> Records from a data collection
────────────────

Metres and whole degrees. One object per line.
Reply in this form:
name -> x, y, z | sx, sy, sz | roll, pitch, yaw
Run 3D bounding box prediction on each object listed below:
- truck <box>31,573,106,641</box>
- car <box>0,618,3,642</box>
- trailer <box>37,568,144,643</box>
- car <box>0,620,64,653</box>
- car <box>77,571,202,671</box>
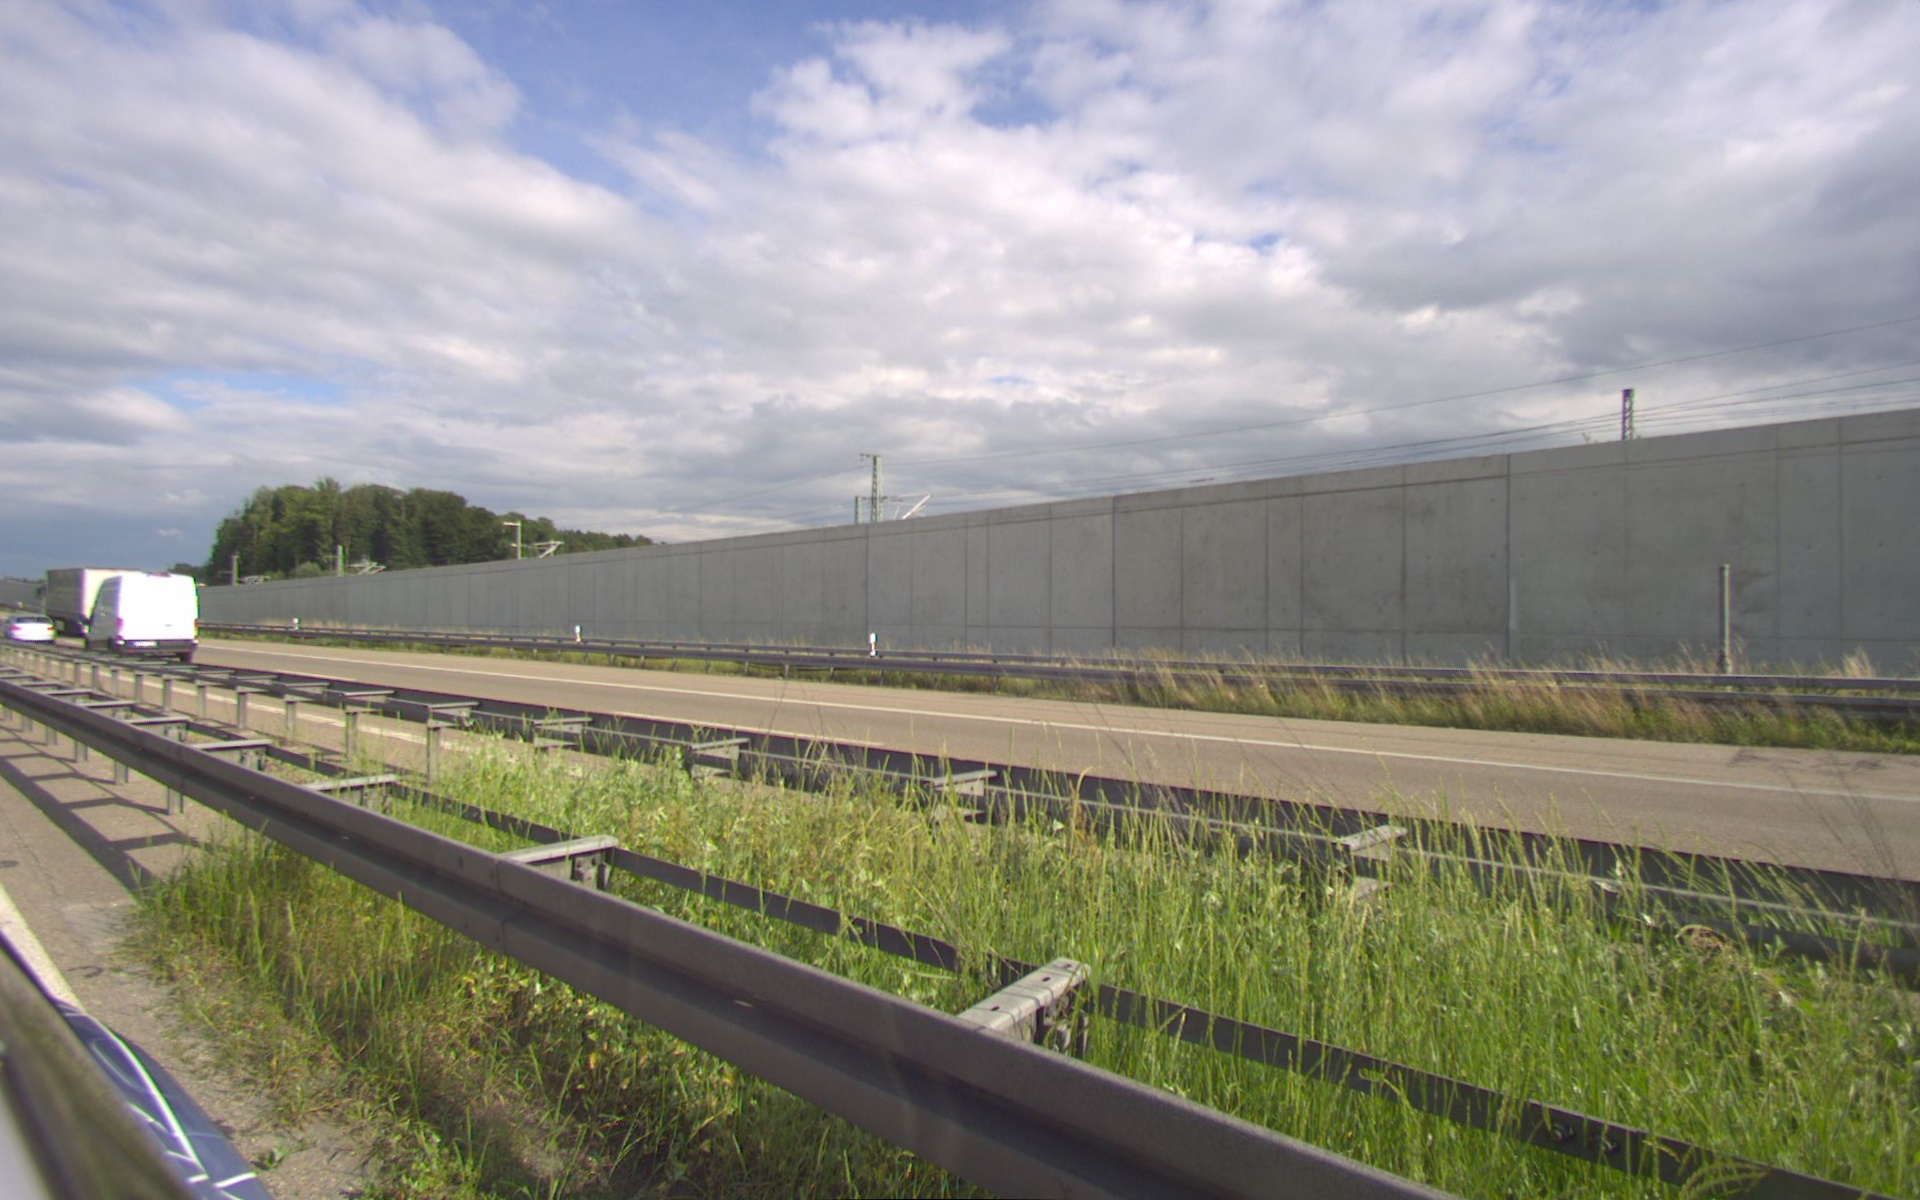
truck -> -57.162, 0.504, 64.872 | 5.528, 4.119, 2.747 | -1, -3, 41
car -> -60.245, 1.841, 62.225 | 3.953, 1.462, 1.635 | -1, -1, 40
trailer -> -52.272, 0.434, 60.658 | 13.511, 4.108, 2.761 | -1, -3, 41
car -> -42.947, 1.653, 46.703 | 4.230, 1.462, 1.854 | -1, -1, 41
car -> -25.977, 0.654, 31.952 | 5.633, 2.892, 2.082 | -1, -1, 41

────────────────

> Directions
Except for the pictures, give the data again word for word.

> Reply to the exercise
Metres and whole degrees. One object per line.
Reply in this form:
name -> x, y, z | sx, sy, sz | roll, pitch, yaw
Run 3D bounding box prediction on each object listed below:
- truck <box>31,573,106,641</box>
- car <box>0,618,3,642</box>
- trailer <box>37,568,144,643</box>
- car <box>0,620,64,653</box>
- car <box>77,571,202,671</box>
truck -> -57.162, 0.504, 64.872 | 5.528, 4.119, 2.747 | -1, -3, 41
car -> -60.245, 1.841, 62.225 | 3.953, 1.462, 1.635 | -1, -1, 40
trailer -> -52.272, 0.434, 60.658 | 13.511, 4.108, 2.761 | -1, -3, 41
car -> -42.947, 1.653, 46.703 | 4.230, 1.462, 1.854 | -1, -1, 41
car -> -25.977, 0.654, 31.952 | 5.633, 2.892, 2.082 | -1, -1, 41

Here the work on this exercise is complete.